§ Instructions for the task: Here are some records; return them all exactly.

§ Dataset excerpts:
***

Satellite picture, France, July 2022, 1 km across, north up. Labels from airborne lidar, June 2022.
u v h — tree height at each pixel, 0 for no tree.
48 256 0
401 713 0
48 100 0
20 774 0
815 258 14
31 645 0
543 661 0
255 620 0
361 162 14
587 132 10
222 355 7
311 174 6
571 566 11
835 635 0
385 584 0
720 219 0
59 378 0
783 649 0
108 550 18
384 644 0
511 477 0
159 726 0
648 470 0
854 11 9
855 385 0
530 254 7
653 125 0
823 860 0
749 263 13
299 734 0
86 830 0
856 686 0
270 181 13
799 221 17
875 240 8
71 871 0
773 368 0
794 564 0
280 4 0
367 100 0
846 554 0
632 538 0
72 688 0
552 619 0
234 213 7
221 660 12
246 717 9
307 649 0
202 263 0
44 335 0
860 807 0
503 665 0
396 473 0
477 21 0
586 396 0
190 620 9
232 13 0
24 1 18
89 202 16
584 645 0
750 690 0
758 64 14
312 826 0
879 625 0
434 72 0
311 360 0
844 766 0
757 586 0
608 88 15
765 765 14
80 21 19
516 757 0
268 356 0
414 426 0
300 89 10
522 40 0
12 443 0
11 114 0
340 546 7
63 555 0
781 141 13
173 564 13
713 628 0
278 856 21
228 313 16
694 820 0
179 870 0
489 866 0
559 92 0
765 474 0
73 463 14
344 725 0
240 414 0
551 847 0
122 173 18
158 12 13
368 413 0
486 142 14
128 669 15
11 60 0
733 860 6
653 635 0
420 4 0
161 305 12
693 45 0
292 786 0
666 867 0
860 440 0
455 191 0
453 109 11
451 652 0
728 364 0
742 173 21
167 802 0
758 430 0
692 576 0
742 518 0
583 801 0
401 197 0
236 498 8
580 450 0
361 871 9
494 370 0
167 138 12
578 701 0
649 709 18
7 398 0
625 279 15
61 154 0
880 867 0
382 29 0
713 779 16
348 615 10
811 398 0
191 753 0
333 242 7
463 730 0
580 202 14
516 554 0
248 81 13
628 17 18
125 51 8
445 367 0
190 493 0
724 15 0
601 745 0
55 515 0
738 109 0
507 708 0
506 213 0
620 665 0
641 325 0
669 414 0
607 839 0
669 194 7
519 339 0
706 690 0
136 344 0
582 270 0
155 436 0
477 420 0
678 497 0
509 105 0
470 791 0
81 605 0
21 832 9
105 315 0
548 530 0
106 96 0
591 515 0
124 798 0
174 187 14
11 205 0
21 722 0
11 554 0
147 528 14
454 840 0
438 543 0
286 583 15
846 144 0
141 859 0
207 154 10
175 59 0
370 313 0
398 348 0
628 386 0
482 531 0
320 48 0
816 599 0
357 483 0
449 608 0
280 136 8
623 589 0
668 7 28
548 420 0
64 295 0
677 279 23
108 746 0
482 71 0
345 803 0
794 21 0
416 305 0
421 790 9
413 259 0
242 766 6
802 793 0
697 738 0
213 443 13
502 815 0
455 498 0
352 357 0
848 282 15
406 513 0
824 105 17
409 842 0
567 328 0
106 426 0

***

§ Task result:
Satellite picture, France, July 2022, 1 km across, north up. Labels from airborne lidar, June 2022.
u v h — tree height at each pixel, 0 for no tree.
48 256 0
401 713 0
48 100 0
20 774 0
815 258 14
31 645 0
543 661 0
255 620 0
361 162 14
587 132 10
222 355 7
311 174 6
571 566 11
835 635 0
385 584 0
720 219 0
59 378 0
783 649 0
108 550 18
384 644 0
511 477 0
159 726 0
648 470 0
854 11 9
855 385 0
530 254 7
653 125 0
823 860 0
749 263 13
299 734 0
86 830 0
856 686 0
270 181 13
799 221 17
875 240 8
71 871 0
773 368 0
794 564 0
280 4 0
367 100 0
846 554 0
632 538 0
72 688 0
552 619 0
234 213 7
221 660 12
246 717 9
307 649 0
202 263 0
44 335 0
860 807 0
503 665 0
396 473 0
477 21 0
586 396 0
190 620 9
232 13 0
24 1 18
89 202 16
584 645 0
750 690 0
758 64 14
312 826 0
879 625 0
434 72 0
311 360 0
844 766 0
757 586 0
608 88 15
765 765 14
80 21 19
516 757 0
268 356 0
414 426 0
300 89 10
522 40 0
12 443 0
11 114 0
340 546 7
63 555 0
781 141 13
173 564 13
713 628 0
278 856 21
228 313 16
694 820 0
179 870 0
489 866 0
559 92 0
765 474 0
73 463 14
344 725 0
240 414 0
551 847 0
122 173 18
158 12 13
368 413 0
486 142 14
128 669 15
11 60 0
733 860 6
653 635 0
420 4 0
161 305 12
693 45 0
292 786 0
666 867 0
860 440 0
455 191 0
453 109 11
451 652 0
728 364 0
742 173 21
167 802 0
758 430 0
692 576 0
742 518 0
583 801 0
401 197 0
236 498 8
580 450 0
361 871 9
494 370 0
167 138 12
578 701 0
649 709 18
7 398 0
625 279 15
61 154 0
880 867 0
382 29 0
713 779 16
348 615 10
811 398 0
191 753 0
333 242 7
463 730 0
580 202 14
516 554 0
248 81 13
628 17 18
125 51 8
445 367 0
190 493 0
724 15 0
601 745 0
55 515 0
738 109 0
507 708 0
506 213 0
620 665 0
641 325 0
669 414 0
607 839 0
669 194 7
519 339 0
706 690 0
136 344 0
582 270 0
155 436 0
477 420 0
678 497 0
509 105 0
470 791 0
81 605 0
21 832 9
105 315 0
548 530 0
106 96 0
591 515 0
124 798 0
174 187 14
11 205 0
21 722 0
11 554 0
147 528 14
454 840 0
438 543 0
286 583 15
846 144 0
141 859 0
207 154 10
175 59 0
370 313 0
398 348 0
628 386 0
482 531 0
320 48 0
816 599 0
357 483 0
449 608 0
280 136 8
623 589 0
668 7 28
548 420 0
64 295 0
677 279 23
108 746 0
482 71 0
345 803 0
794 21 0
416 305 0
421 790 9
413 259 0
242 766 6
802 793 0
697 738 0
213 443 13
502 815 0
455 498 0
352 357 0
848 282 15
406 513 0
824 105 17
409 842 0
567 328 0
106 426 0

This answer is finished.